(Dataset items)

**********

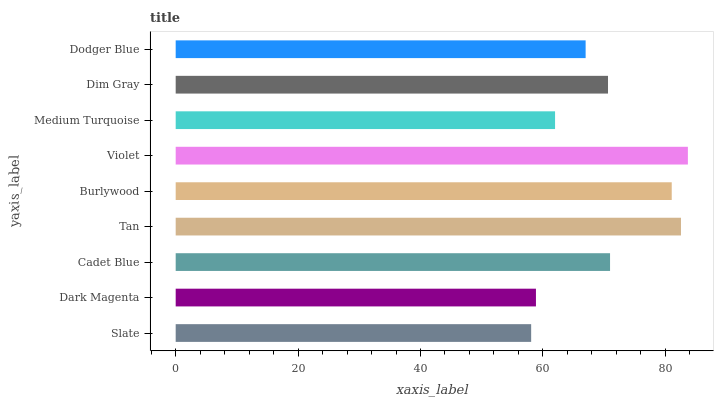Is Slate the minimum?
Answer yes or no. Yes. Is Violet the maximum?
Answer yes or no. Yes. Is Dark Magenta the minimum?
Answer yes or no. No. Is Dark Magenta the maximum?
Answer yes or no. No. Is Dark Magenta greater than Slate?
Answer yes or no. Yes. Is Slate less than Dark Magenta?
Answer yes or no. Yes. Is Slate greater than Dark Magenta?
Answer yes or no. No. Is Dark Magenta less than Slate?
Answer yes or no. No. Is Dim Gray the high median?
Answer yes or no. Yes. Is Dim Gray the low median?
Answer yes or no. Yes. Is Dark Magenta the high median?
Answer yes or no. No. Is Medium Turquoise the low median?
Answer yes or no. No. 
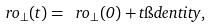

**********

The entries must be repeated exactly. Leave the images out.

▶ **SOLUTION FOR THIS TASK**
Is Slate the minimum?
Answer yes or no. Yes. Is Violet the maximum?
Answer yes or no. Yes. Is Dark Magenta the minimum?
Answer yes or no. No. Is Dark Magenta the maximum?
Answer yes or no. No. Is Dark Magenta greater than Slate?
Answer yes or no. Yes. Is Slate less than Dark Magenta?
Answer yes or no. Yes. Is Slate greater than Dark Magenta?
Answer yes or no. No. Is Dark Magenta less than Slate?
Answer yes or no. No. Is Dim Gray the high median?
Answer yes or no. Yes. Is Dim Gray the low median?
Answer yes or no. Yes. Is Dark Magenta the high median?
Answer yes or no. No. Is Medium Turquoise the low median?
Answer yes or no. No. 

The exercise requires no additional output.